Zhang Z., Li Y., Gong Y., Yang Y., Ma S., Guo X., ...Daha Fazla

INTERNATIONAL JOURNAL OF INTERACTIVE MULTIMEDIA AND ARTIFICIAL INTELLIGENCE, cilt.8, sa.1, ss.6-12, 2023 (SCI-Expanded) identifier identifier

  • Yayın Türü: Makale / Tam Makale
  • Cilt numarası: 8 Sayı: 1
  • Basım Tarihi: 2023
  • Doi Numarası: 10.9781/ijimai.2023.01.007
  • Dergi Adı: INTERNATIONAL JOURNAL OF INTERACTIVE MULTIMEDIA AND ARTIFICIAL INTELLIGENCE
  • Derginin Tarandığı İndeksler: Science Citation Index Expanded (SCI-EXPANDED), Scopus, Applied Science & Technology Source, INSPEC, Directory of Open Access Journals, DIALNET
  • Sayfa Sayıları: ss.6-12
  • Anahtar Kelimeler: Active Learning, Data, Quality, Efficient, Dataset, Evolving, Environments, Generalization.
  • Atatürk Üniversitesi Adresli: Evet

Özet

At present, artificial intelligence is in a period of rapid development, and deep learning has begun to be applied in various fields.
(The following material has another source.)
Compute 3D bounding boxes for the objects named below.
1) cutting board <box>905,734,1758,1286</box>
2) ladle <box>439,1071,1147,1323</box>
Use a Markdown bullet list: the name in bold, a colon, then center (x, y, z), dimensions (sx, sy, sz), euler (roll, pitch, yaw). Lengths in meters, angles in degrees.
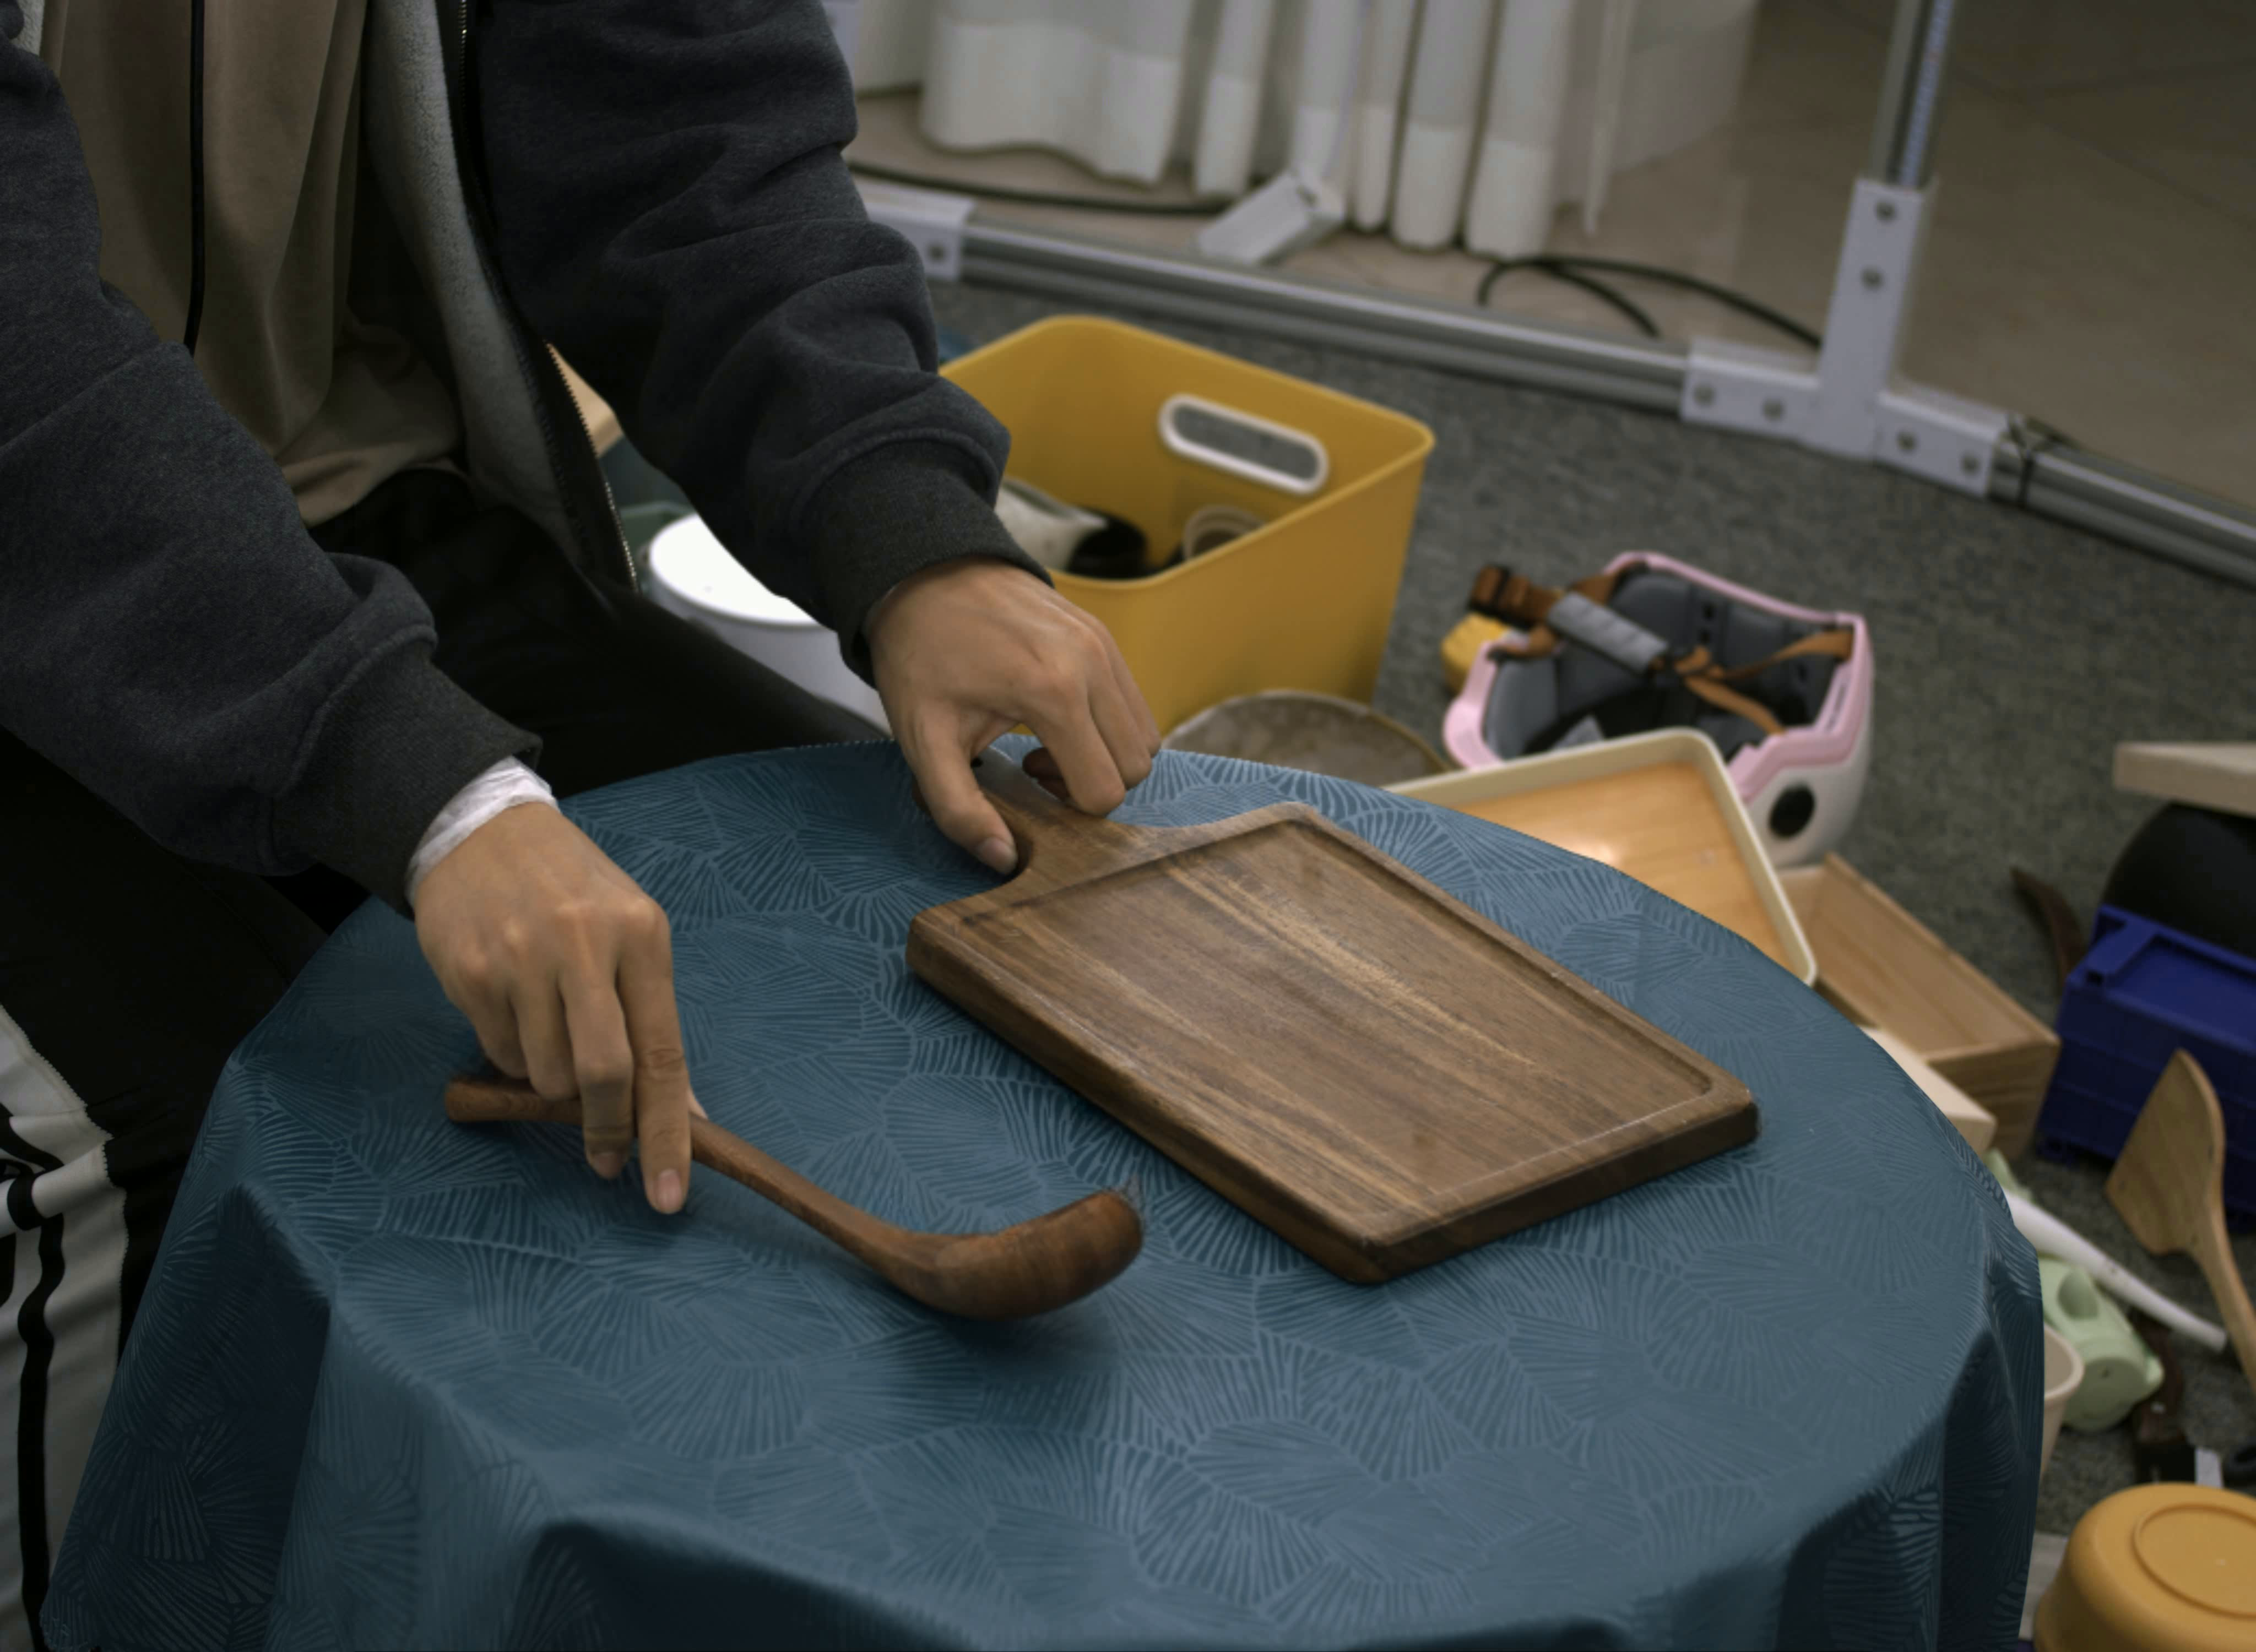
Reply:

Data, as a key part of the deep learning, its efficiency and stability, will directly affect the performance of the model, so it is valued by people. In order to make the dataset efficient, many active learning methods have been proposed, the dataset containing independent identically distribution (IID) samples is reduced with excellent performance; in order to make the dataset more stable, it should be solved that the model encounters out-of-distribution (OOD) samples to improve generalization performance. However, the current active learning method design and the method of adding OOD samples lack guidance, and people do not know what samples should be selected and which OOD samples will be added to better improve the generalization performance. In this paper, we propose a dataset containing a variety of elements called a dataset with Complete Sample Elements(CSE), the labels such as rotation angle and distance in addition to the common classification labels. These labels can help people analyze the distribution characteristics of each element of an efficient dataset, thereby inspiring new active learning methods; we also construct a corresponding OOD test set, which can not only detect the generalization performance of the model, but also helps explore metrics between OOD samples and existing dataset to guide the selected method of OOD samples, so that it can improve generalization efficiently. In this paper, we explore the distribution characteristics of efficient datasets in terms of angle element, and confirm that an efficient dataset tends to contain samples with different appearance. At the same time, experiments have proved the positive influence of the addition of OOD samples on the generalization performance of dataset.